3) Choque elétrico (contato com partes energizadas)

Risco: a máquina TIG trabalha com corrente alta; umidade, luvas molhadas, cabos danificados e aterramento ruim aumentam o risco. Em HF (alta frequência) para abertura de arco, conexões e isolamento precisam estar íntegros.

Medidas de controle:

  • Manter mãos/luvas secas e trabalhar em piso seco.
  • Inspecionar cabos, tocha e conectores antes do uso.
  • Fixar a garra de aterramento em metal limpo, firme e próximo da solda.
  • Desligar a máquina para manutenção/troca de consumíveis quando aplicável.

4) Cilindros pressurizados (queda, ruptura, projeção)

Risco: cilindros de argônio (ou misturas) armazenam gás sob alta pressão. Queda, impacto no registro ou uso de regulador inadequado pode causar acidente grave.

Medidas de controle:

  • Manter cilindro sempre preso (corrente/cinta) em carrinho ou parede.
  • Transportar com tampa de proteção do registro quando aplicável.
  • Não usar óleo/graxa em conexões de gás.
  • Verificar se o regulador é compatível com o gás e com a rosca/padrão do cilindro.

5) Calor e respingos (queimaduras e incêndio)

Risco: o TIG pode ter menos respingo, mas o metal fica muito quente; peças pequenas parecem “frias” e queimam do mesmo jeito.
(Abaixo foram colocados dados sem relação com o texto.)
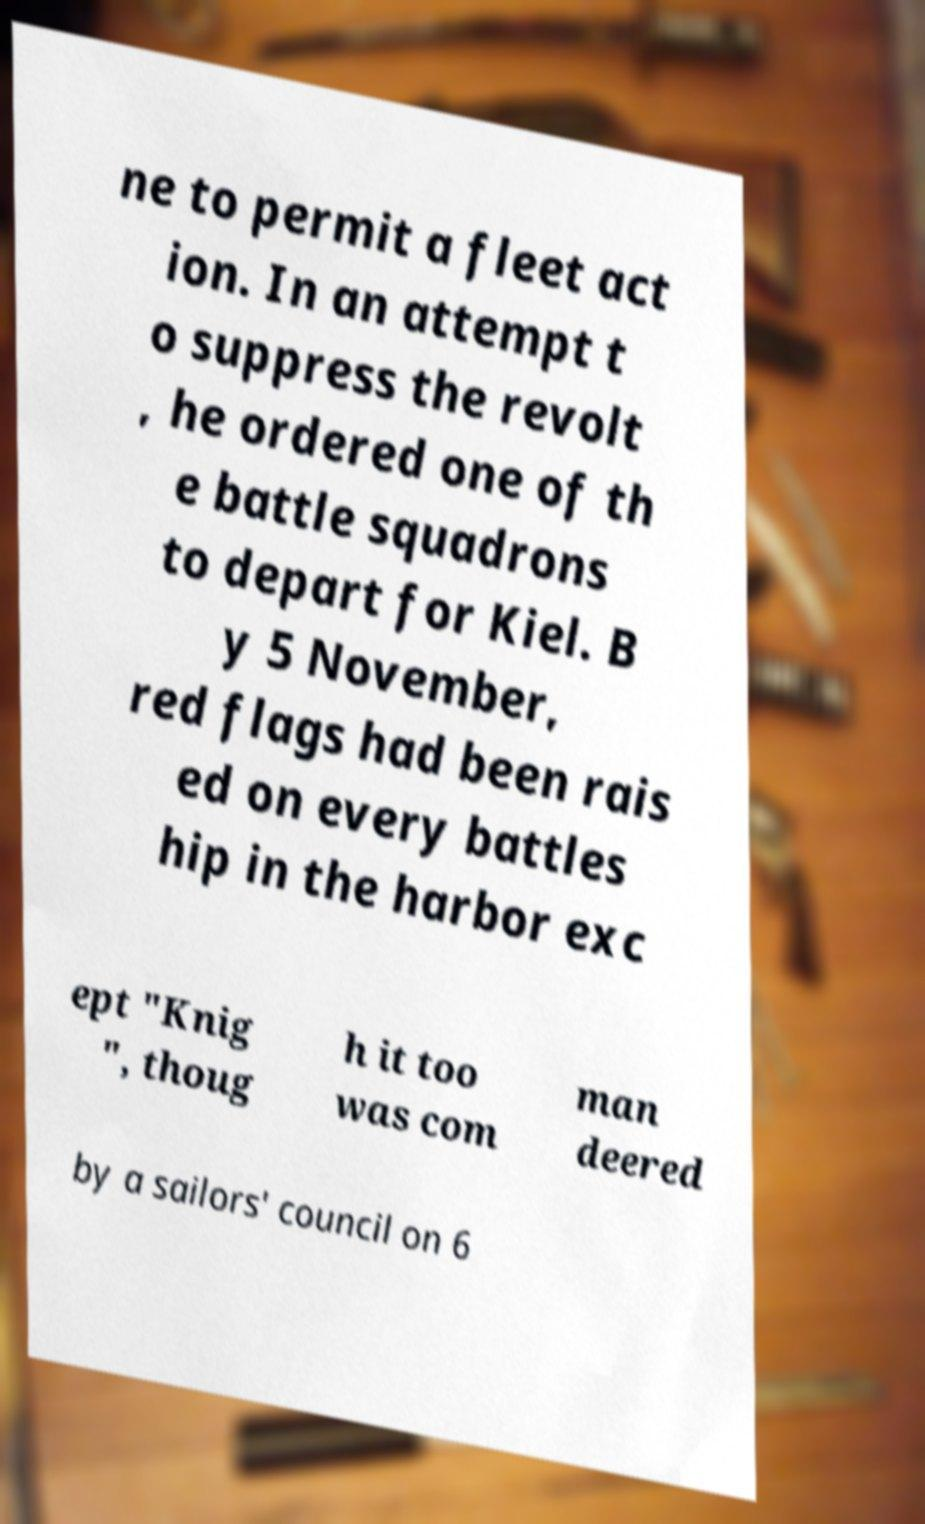Please identify and transcribe the text found in this image. ne to permit a fleet act ion. In an attempt t o suppress the revolt , he ordered one of th e battle squadrons to depart for Kiel. B y 5 November, red flags had been rais ed on every battles hip in the harbor exc ept "Knig ", thoug h it too was com man deered by a sailors' council on 6 
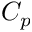<formula> <loc_0><loc_0><loc_500><loc_500>C _ { p }</formula> 
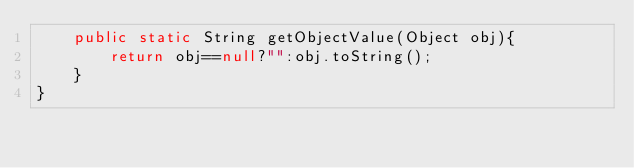Convert code to text. <code><loc_0><loc_0><loc_500><loc_500><_Java_>    public static String getObjectValue(Object obj){
        return obj==null?"":obj.toString();
    }
}
</code>

Faíscas de esmerilhamento e respingos ocasionais podem iniciar incêndio.

Medidas de controle:

  • Usar luvas adequadas e ferramentas para manusear peças quentes (alicate/tenaz).
  • Separar área de solda de materiais combustíveis.
  • Ter extintor acessível e manta anti-chama para proteção de superfícies e cabos.

EPIs essenciais (o que usar e como escolher/ajustar)

Máscara de solda (lente e tonalidade)

O que precisa ter: cobertura total do rosto, lente em bom estado e tonalidade adequada ao nível de corrente. Máscara automática (autoescurecimento) facilita iniciar o arco e posicionar a tocha.

Como escolher e ajustar:

  • Tonalidade: use a recomendação do fabricante da máscara como referência e ajuste conforme conforto visual. Correntes maiores exigem tonalidade mais alta.
  • Sensibilidade e atraso (autoescurecimento): aumente a sensibilidade se o sensor não estiver escurecendo; aumente o atraso se o brilho pós-arco incomodar.
  • Arco TIG em baixa corrente: algumas máscaras têm dificuldade em detectar; teste antes e ajuste sensibilidade.
  • Ajuste do arnês: a máscara deve ficar estável ao abaixar, sem encostar no nariz e sem folgas laterais.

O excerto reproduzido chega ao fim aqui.